No respondí; en lugar de eso, fui a buscar la botella de agua que había dejado apoyada en un árbol situado a poca distancia. Hacía tanto frío que el agua se había convertido en granizado y se agitaba ruidosamente mientras yo trataba de abrir la botella. Habíamos finalizado nuestro circuito, un momento en el que Will acostumbraba a darme un discurso de ánimo y hacer algún comentario inapropiado acerca de mis tetas, y yo acostumbraba a quejarme del frío y la falta de aseos a mano en Manhattan.

No estaba nada segura de querer tener esa conversación ese día ni de reconocer que, aunque Dylan me caía muy bien, no soñaba despierta con besarlo, chuparle el cuello o mirar cómo se corría sobre mi cadera, tal como hacía con otra persona. No quería decirle que me pasaba nuestras citas constantemente distraída y que me costaba poner algo de mi parte. También me negaba a admitir que aquello de salir con hombres no se me daba bien y que quizá no aprendiese nunca a mantener relaciones informales, disfrutar de la vida, ser joven y experimentar cosas igual que hacía Will.

Se agachó para mirarme a los ojos y me di cuenta de que estaba repitiendo una pregunta:

—¿A qué hora volviste?

—Un poco después de las nueve, creo.

—¿De las nueve? —dijo entre risas—. ¿Otra vez?

—Quizá un poco más tarde. ¿Por qué te hace tanta gracia?

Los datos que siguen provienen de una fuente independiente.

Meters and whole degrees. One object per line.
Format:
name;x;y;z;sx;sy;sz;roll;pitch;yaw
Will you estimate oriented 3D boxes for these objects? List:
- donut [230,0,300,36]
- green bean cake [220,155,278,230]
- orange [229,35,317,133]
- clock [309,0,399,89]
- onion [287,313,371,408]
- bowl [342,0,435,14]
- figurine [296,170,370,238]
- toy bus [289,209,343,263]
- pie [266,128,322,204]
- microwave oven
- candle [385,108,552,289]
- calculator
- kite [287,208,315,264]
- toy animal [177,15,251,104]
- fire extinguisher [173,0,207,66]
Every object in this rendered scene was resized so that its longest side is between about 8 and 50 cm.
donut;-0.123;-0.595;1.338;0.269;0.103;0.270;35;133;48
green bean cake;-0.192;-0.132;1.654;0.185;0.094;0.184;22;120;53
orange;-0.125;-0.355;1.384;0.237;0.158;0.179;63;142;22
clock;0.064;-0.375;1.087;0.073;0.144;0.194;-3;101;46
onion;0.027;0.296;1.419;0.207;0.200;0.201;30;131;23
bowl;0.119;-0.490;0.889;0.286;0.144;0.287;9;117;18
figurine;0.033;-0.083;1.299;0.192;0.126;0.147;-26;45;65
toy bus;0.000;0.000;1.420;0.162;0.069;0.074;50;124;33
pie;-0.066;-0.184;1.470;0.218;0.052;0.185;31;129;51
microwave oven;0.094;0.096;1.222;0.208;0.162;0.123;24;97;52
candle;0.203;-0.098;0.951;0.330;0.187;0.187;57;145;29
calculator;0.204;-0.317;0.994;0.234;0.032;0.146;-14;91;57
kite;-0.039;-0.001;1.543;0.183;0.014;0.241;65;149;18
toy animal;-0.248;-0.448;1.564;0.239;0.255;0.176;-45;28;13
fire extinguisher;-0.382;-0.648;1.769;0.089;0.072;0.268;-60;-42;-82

—¿Dos citas seguidas acaban a las nueve? ¿Es que ese tío es tu abuelo? ¿Quiso que te acostaras temprano después de llevarte a cenar?

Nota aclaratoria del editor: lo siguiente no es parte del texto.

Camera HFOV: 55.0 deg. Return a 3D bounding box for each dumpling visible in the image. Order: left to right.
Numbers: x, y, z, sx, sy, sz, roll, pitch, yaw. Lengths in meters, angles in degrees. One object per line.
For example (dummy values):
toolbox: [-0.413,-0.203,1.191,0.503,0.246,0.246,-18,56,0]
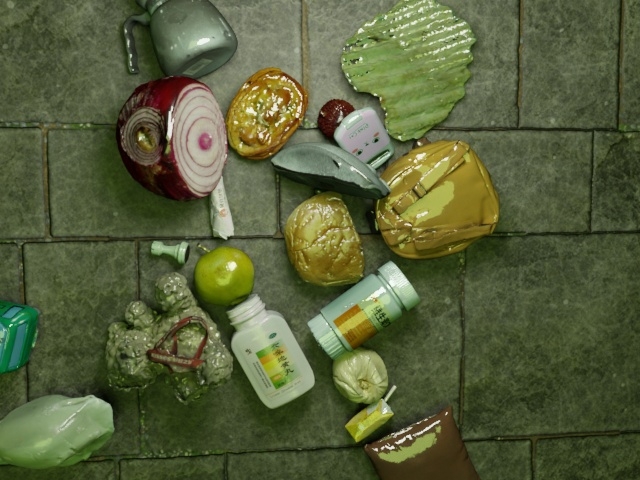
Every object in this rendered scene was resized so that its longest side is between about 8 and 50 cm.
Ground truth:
dumpling: [-0.768,0.542,1.752,0.321,0.270,0.211,-1,72,17]

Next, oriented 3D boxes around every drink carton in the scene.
drink carton: [0.174,0.538,1.908,0.200,0.084,0.074,-37,76,-1]

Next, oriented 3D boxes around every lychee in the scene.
lychee: [0.055,-0.347,1.797,0.129,0.123,0.123,42,89,-24]

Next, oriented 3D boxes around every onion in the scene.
onion: [-0.424,-0.272,1.673,0.260,0.282,0.336,2,107,22]

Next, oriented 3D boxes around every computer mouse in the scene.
computer mouse: [0.033,-0.206,1.713,0.374,0.203,0.114,17,85,30]

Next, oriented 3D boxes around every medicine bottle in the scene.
medicine bottle: [-0.159,0.323,1.830,0.179,0.124,0.324,-28,96,-4]
medicine bottle: [0.126,0.212,1.833,0.318,0.158,0.158,-35,98,-2]

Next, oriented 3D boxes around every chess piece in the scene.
chess piece: [-0.441,0.029,1.803,0.103,0.067,0.067,10,94,1]

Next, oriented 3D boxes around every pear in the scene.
pear: [-0.288,0.085,1.787,0.180,0.166,0.216,-35,67,7]

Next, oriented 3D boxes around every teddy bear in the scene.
teddy bear: [-0.462,0.319,1.756,0.368,0.224,0.357,-31,84,-1]

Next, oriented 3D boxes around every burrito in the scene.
burrito: [-0.301,-0.103,1.807,0.064,0.064,0.203,-11,98,-5]

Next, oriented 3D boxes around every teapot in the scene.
teapot: [-0.404,-0.597,1.711,0.223,0.305,0.285,-26,91,-40]

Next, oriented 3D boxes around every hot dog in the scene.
hot dog: [-0.160,-0.362,1.770,0.196,0.122,0.272,38,88,-7]

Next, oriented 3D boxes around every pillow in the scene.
pillow: [0.329,0.710,1.925,0.308,0.108,0.305,-25,99,-4]

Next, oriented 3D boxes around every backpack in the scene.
backpack: [0.324,-0.122,1.805,0.378,0.201,0.353,-20,98,-7]

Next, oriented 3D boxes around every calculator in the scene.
calculator: [0.130,-0.284,1.782,0.141,0.045,0.246,-35,141,3]

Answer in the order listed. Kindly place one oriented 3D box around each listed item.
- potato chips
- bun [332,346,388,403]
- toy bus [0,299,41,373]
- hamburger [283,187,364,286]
potato chips: [0.271,-0.519,1.813,0.389,0.097,0.373,-43,98,-5]
bun: [0.121,0.413,1.874,0.164,0.111,0.188,-19,93,-7]
toy bus: [-0.979,0.249,1.693,0.344,0.199,0.183,13,94,-6]
hamburger: [0.000,0.000,1.815,0.211,0.132,0.308,-16,98,-8]

—Para tu información, tenía que estar en el laboratorio esta mañana a primera hora. ¿Y tu noche desenfrenada, seductor? ¿Participaste en alguna orgía? ¿Quizá en un par de macro fiestas? —pregunté, intentando cambiar de conversación.

—Puede decirse que estuve en el Club de Lucha —dijo, rascándose la mandíbula—. Aunque sin tíos ni puñetazos. —Al ver mi mirada confusa, aclaró—: Lo cierto es que cené en mi casa con Chloe y Sara. Eh, ¿tienes agujetas hoy?

Recordé al instante el delicioso dolorcillo que habían dejado en mí sus dedos después de la fiesta de Denny y las molestias que notaba en el hueso pélvico tras haberme frotado contra él en el suelo de su apartamento.

—¿Agujetas? —repetí, parpadeando.

Me dedicó una sonrisa perspicaz.

—Agujetas de correr ayer. Hostia, Hanna. Deja de pensar en guarrerías. Estabas en casa a las nueve, ¿de qué otra cosa podría estar hablando?

Di otro trago de mi botella de agua e hice una mueca al notar el frío en los dientes.

—Estoy bien.

—Otra regla, Perla. Solo puedes utilizar la palabra «bien» cierto número de veces en una conversación antes de que empiece a sonar falsa. Busca mejores adverbios para describir tu estado de ánimo después de las citas.

No estaba muy segura de cómo manejar a Will. Esa mañana parecía un poco tenso. Creía tenerlo calado, pero mis pensamientos resultaban muy confusos, un problema que iba en aumento cuando estábamos juntos y, a juzgar por la noche anterior, también cuando estábamos separados. ¿Le importaba acaso que hubiese salido con Dylan? ¿Quería yo que le importase?

Uf. Aquello de tener citas con tíos era demasiado complicado, y ni siquiera sabía con certeza si podía decirse técnicamente que Will y yo teníamos citas. Parecía ser una de las pocas preguntas que no podía hacerle.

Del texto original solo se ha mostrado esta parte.